All the Voices: Our Political Family Trees

All the Voices: Our Political Family Trees

  Political beliefs are so polarized that even some family members aren’t speaking to each other. Here’s your chance to speak Across the Great Divide and share how your beliefs came to be!  

This spring, 150 straight-from-the-heart poems or short statements of why you believe what you believe will be selected for a new book by City Lore and Bowery Poetry. The result will be All the Voices – a book in which EVERYBODY’S voice, all across the spectrum, will be Heard and Respected. 

Poems or statements must begin with “I am from…“ and use “I am from…” at least one more time.  Our maximum length is 23 lines.

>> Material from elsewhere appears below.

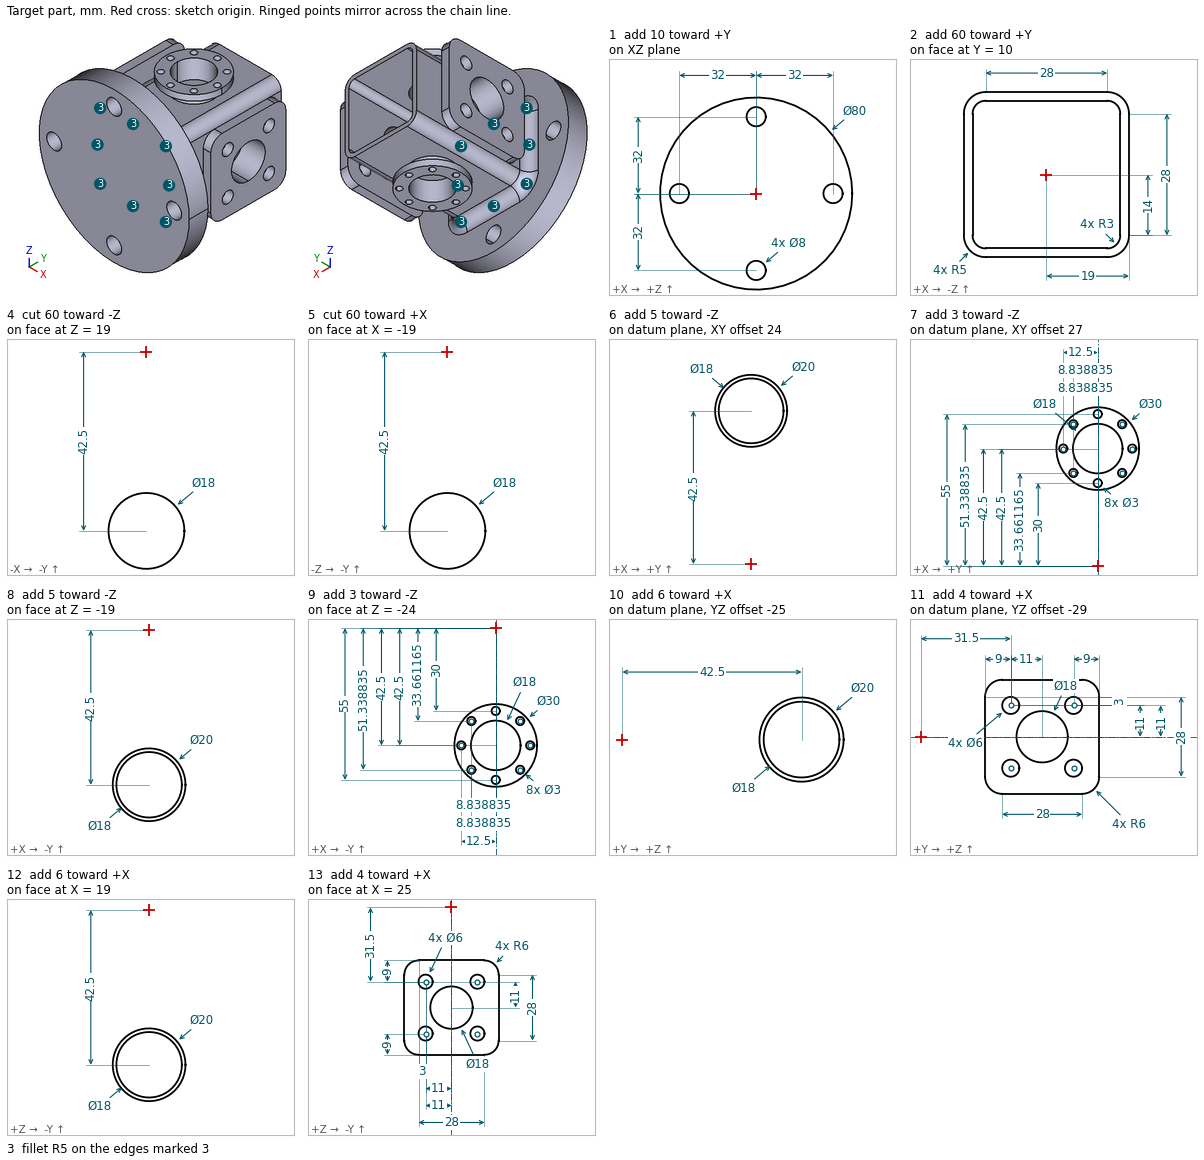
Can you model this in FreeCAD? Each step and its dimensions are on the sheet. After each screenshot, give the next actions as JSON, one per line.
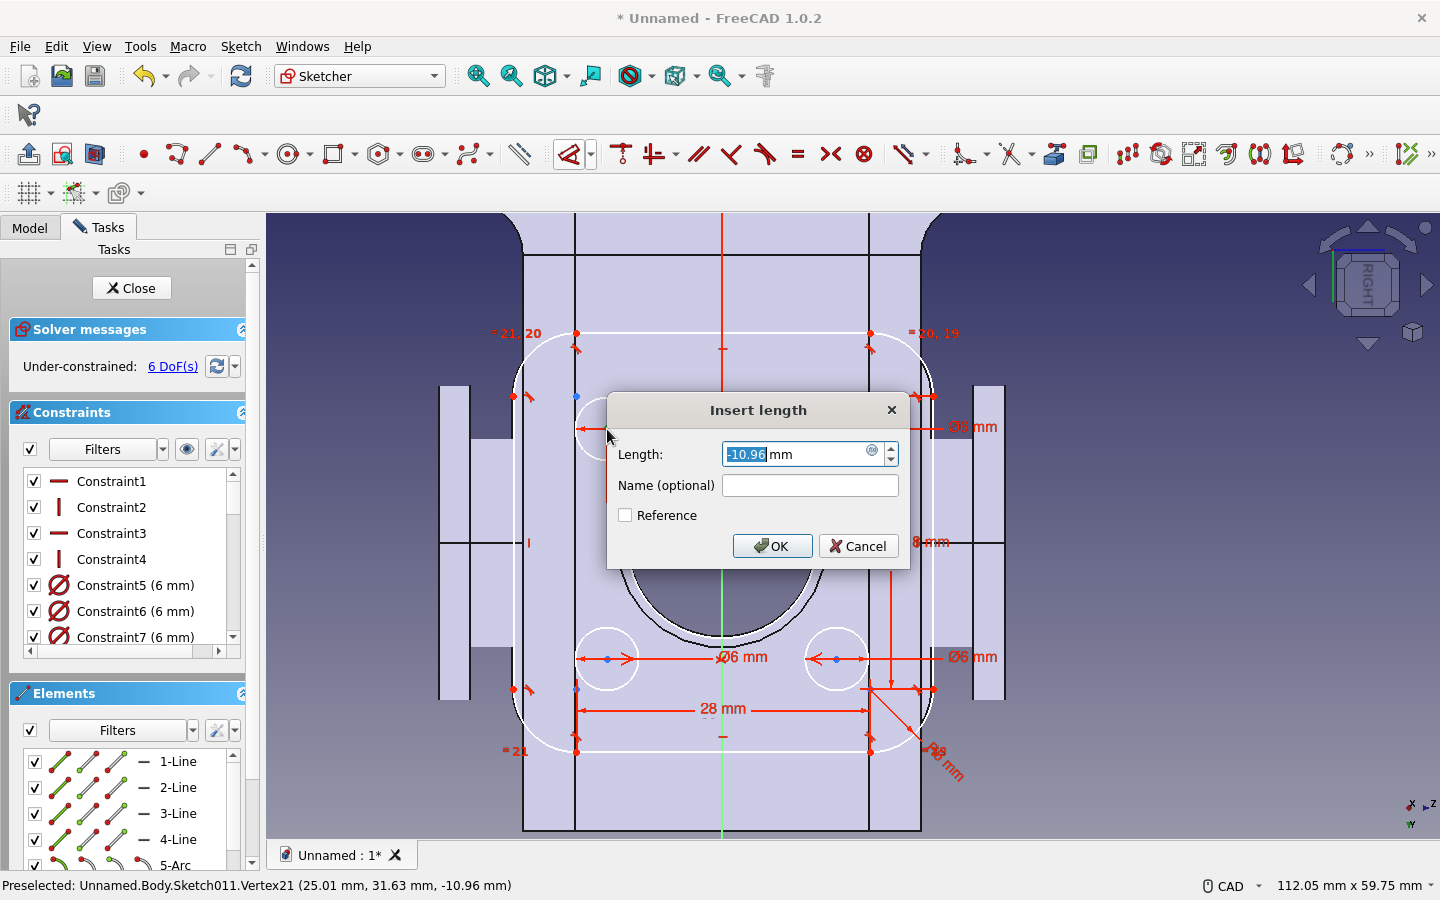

We are looking for poems that tell a story about the evolution of your beliefs, rather than those that simply state a political position. The poems we are looking for are, in a sense, your political family tree.

Authors of selected poems will receive $50 and a copy of the book. Others will have their poems featured on our Facebook page.

Send poems via email to . Include name, city and state, age and phone number – this information will not be used for any purpose other than the book. 

Deadline: midnight, September 30, 2022. There is no submission fee. Please don’t hesitate to write if you have questions.

Steve and Bob




The poet George Ella Lyon’s family ran a dry cleaning shop in Harlan, Kentucky.  She began her poem, “Where I’m From” this way –

I am from clothespins,

from Clorox and carbon-tetrachloride.

I am from dirt under the back porch . . .


I’m from the know-it-alls

and the pass-it-ons,

from Perk up! and Pipe down!

I’m from He restoreth my soul

with a cottonball lamb

and ten verses I can say myself.

Inspired by her poem we are gathering a particular kind of “Where I’m from” poem that aims to bring people together across the divisions that are tearing our country apart.  Here are some questions which can tease out a poem from you about who you are as a citizen of this country. Answer the ones that spark ideas in you.

What personal experiences and people have shaped your ideas about what kind of country we should be?

Who shaped your values and beliefs about society – your parents, grandparents, friends, people you admire?

When was the first time you became aware of “politics”?

Did your parents take you with them into the voting booth?

Does your family talk politics at the dinner table? Has this changed over the years?

In what ways do you express your beliefs about how our society should be run (letters, conversations, protests, voting)?

What would you say are the reasons you believe what you believe?  What truths do you believe to be self-evident?